___ LISTED ENTRIES

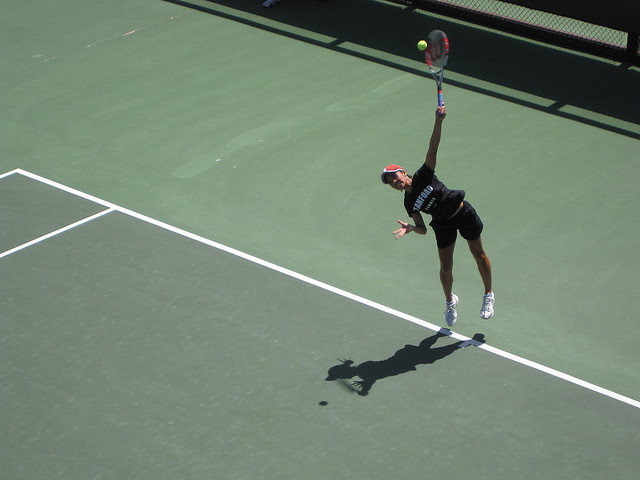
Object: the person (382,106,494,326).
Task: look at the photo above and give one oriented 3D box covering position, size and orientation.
[{"bbox_3d":[1.265,-0.090,8.906,1.219,2.234,0.744,0,36,3],"label":"person"}]
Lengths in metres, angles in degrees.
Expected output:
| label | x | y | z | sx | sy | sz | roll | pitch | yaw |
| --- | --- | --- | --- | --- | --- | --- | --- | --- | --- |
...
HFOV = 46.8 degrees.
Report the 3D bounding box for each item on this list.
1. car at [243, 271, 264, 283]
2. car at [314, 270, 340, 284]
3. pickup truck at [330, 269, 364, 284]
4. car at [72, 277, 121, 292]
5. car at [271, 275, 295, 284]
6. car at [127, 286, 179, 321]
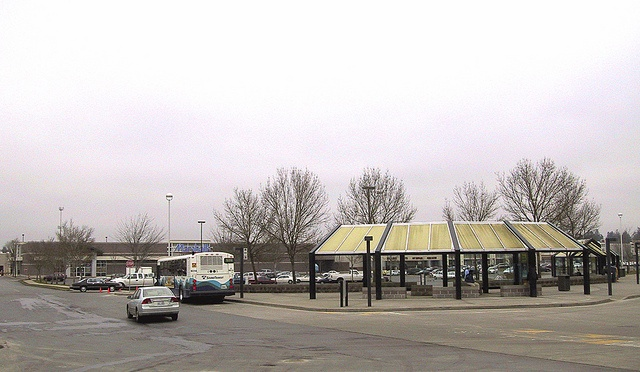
| label | x | y | z | sx | sy | sz | roll | pitch | yaw |
| --- | --- | --- | --- | --- | --- | --- | --- | --- | --- |
| car | -8.746 | 11.606 | 94.246 | 1.864 | 1.427 | 3.147 | -2 | -15 | 4 |
| car | 1.430 | 11.800 | 94.406 | 2.150 | 1.049 | 3.316 | -2 | -13 | 5 |
| pickup truck | 3.215 | 11.559 | 92.543 | 3.946 | 1.110 | 2.248 | -3 | -6 | 7 |
| car | -26.337 | 11.566 | 86.349 | 5.033 | 1.285 | 2.122 | 0 | -3 | -10 |
| car | -4.433 | 11.878 | 93.874 | 2.413 | 0.736 | 1.057 | 1 | -5 | 23 |
| car | -12.555 | 8.800 | 55.163 | 3.944 | 2.567 | 1.816 | -5 | -12 | 18 |
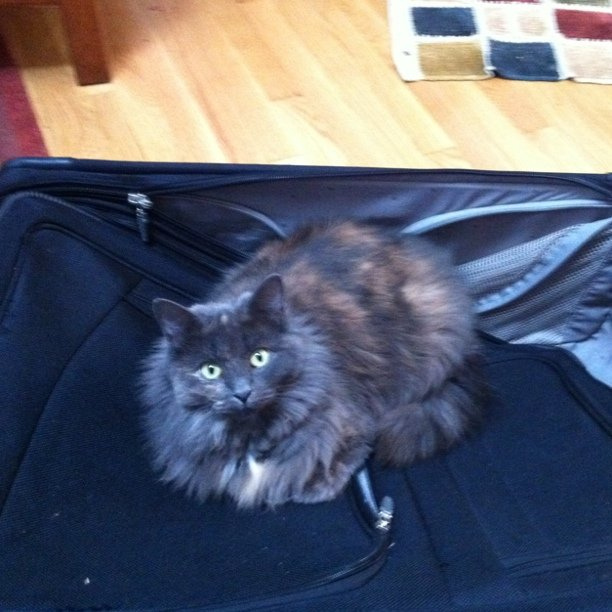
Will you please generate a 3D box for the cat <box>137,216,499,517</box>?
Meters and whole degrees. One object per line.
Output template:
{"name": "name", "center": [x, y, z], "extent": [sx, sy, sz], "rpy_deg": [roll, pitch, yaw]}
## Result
{"name": "cat", "center": [0.054, 0.104, 1.285], "extent": [0.572, 0.269, 0.633], "rpy_deg": [3, 29, 25]}

______

EXERCISE PROMPT:
Give back the records above exactly, limited to the lines between the one holding "Report the 3D" and the one holding "5. car at [271, 275, 295, 284]", inclusive.

TASK ANSWER:
Report the 3D bounding box for each item on this list.
1. car at [243, 271, 264, 283]
2. car at [314, 270, 340, 284]
3. pickup truck at [330, 269, 364, 284]
4. car at [72, 277, 121, 292]
5. car at [271, 275, 295, 284]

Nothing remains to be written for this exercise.